Although the district had an ambitious strategic plan that called for deeper learning experiences for every student, there was a limited understanding of what that vision meant at the school level. Pollio, who had 20 years of experience as a principal in Jefferson County, described the district as a set of individual schools rather than a cohesive system. We knew we had to paint a bigger picture of student success by creating a shared vision that went beyond test scores and that inspired everyone to take action.
Pollio and I started working toward this goal by reflecting on a seemingly simple, overarching question, “What do we, as a district, want our diploma to mean?” When students graduate, we want them to be able to persevere when faced with challenges and to create, collaborate, and communicate.
The work that followed that initial question provided new insight into what is possible when a vision is shared by a community.

A Community in Action

To develop that vision, we formed focus groups in the spring of 2018 and met with school staff, business leaders, parents, and students across the district. We asked them:
  1. What are the most important skills and knowledge you want your children and/or your students to have when they graduate?

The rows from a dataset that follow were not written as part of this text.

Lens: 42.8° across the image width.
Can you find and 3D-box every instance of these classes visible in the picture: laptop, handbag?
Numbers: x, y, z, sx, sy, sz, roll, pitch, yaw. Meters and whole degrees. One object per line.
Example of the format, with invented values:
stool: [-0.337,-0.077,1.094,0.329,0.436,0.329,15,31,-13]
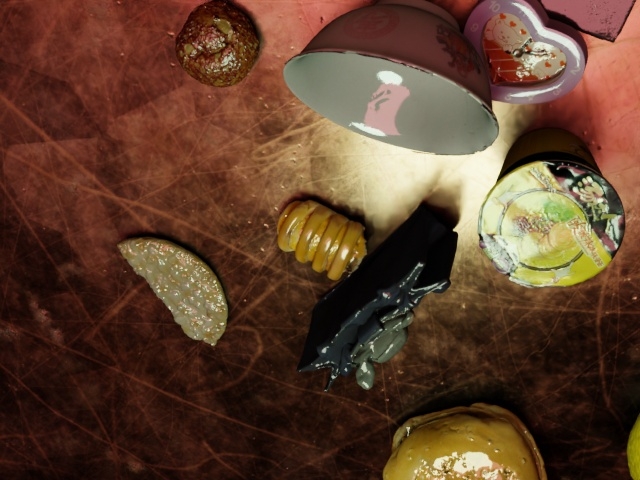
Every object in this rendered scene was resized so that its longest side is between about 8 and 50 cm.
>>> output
laptop: [0.387,-0.396,1.243,0.197,0.016,0.135,21,119,1]
handbag: [0.105,0.114,1.430,0.118,0.269,0.326,38,119,-9]

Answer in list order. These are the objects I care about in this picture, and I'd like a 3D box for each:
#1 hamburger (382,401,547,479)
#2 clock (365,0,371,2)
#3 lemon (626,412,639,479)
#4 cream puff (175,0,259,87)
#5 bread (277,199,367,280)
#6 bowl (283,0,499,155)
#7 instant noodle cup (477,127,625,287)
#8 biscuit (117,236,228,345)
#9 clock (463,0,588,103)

  2. What kinds of experiences lead to the development of these skills?
  3. Where, in school today, do students get the opportunity to grow and develop those skills?

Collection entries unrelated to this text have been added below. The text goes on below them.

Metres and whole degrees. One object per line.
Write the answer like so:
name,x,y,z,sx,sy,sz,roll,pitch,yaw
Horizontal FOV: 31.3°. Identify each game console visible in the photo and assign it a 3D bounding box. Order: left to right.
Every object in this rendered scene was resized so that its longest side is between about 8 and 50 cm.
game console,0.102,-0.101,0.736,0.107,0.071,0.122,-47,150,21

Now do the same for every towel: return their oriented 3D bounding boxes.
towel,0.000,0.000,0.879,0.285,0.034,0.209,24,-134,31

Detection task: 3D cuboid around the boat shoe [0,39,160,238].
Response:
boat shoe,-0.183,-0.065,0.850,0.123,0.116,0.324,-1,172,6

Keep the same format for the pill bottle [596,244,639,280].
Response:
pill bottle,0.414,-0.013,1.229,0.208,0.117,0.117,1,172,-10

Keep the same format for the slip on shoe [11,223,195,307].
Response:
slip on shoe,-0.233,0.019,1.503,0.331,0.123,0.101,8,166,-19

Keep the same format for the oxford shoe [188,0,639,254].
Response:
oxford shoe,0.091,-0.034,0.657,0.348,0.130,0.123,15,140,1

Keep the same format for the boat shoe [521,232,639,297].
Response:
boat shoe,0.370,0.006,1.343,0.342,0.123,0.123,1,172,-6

  4. Do all students get those experiences you described?
In addition to these focus groups, we asked principals of schools who hadn’t been involved in the original questionnaire to follow this question-based protocol with their staffs and send us their lists of responses.
We ended up with hundreds of skills listed either by the focus groups or school staff. Respondents were also able to describe the kinds of learning experiences that would lead to the development of the skills they listed—each skill connected to an experience and each experience connected to a real purpose, a real product, and a real-life connection. We learned which skills stakeholders consider valuable for student success and which experiences stakeholders consider meaningful in the development of those skills.

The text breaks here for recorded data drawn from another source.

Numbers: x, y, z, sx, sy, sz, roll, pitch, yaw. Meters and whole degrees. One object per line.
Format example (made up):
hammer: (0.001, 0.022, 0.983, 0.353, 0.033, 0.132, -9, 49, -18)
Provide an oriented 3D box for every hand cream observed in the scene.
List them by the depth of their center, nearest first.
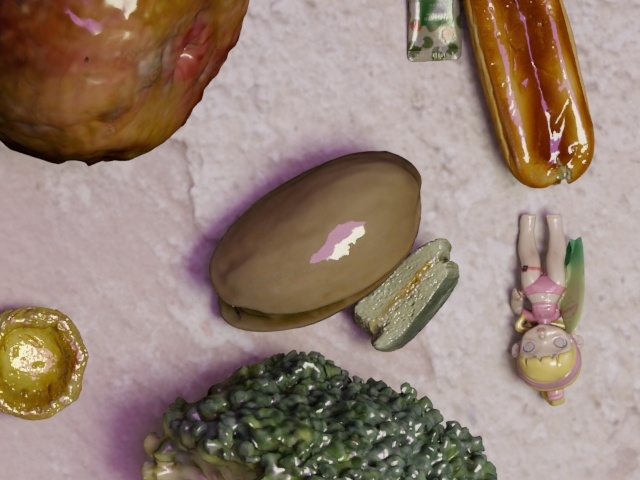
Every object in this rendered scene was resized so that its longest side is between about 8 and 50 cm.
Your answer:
hand cream: (0.109, -0.254, 1.794, 0.057, 0.037, 0.165, -5, 99, -20)

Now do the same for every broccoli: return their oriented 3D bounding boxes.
broccoli: (-0.006, 0.271, 1.655, 0.348, 0.293, 0.281, 22, 122, -9)

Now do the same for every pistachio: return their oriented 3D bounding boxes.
pistachio: (0.000, 0.000, 1.716, 0.226, 0.136, 0.136, -34, 102, -9)

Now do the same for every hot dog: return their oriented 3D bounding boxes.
hot dog: (0.198, -0.172, 1.806, 0.100, 0.068, 0.249, -15, 95, -11)

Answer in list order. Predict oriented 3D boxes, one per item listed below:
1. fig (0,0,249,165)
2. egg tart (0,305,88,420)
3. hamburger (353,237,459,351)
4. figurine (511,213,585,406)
fig: (-0.243, -0.249, 1.591, 0.369, 0.286, 0.286, 41, 76, 15)
egg tart: (-0.258, 0.108, 1.663, 0.105, 0.039, 0.105, -1, 92, -20)
hamburger: (0.089, 0.053, 1.767, 0.054, 0.084, 0.121, 41, 93, 21)
figurine: (0.224, 0.067, 1.830, 0.083, 0.083, 0.187, -1, 80, -20)

The responses were consistent but numerous, so we entered the lists of skills into a word cloud to assess which words appeared most often. Out of the most frequently occurring words, we created our five success skills: 1) prepared and resilient learner; 2) effective communicator; 3) productive collaborator; 4) globally and culturally competent citizen; and 5) emerging innovator.

We knew we had to paint a bigger picture of student success by creating a shared vision that went beyond test scores.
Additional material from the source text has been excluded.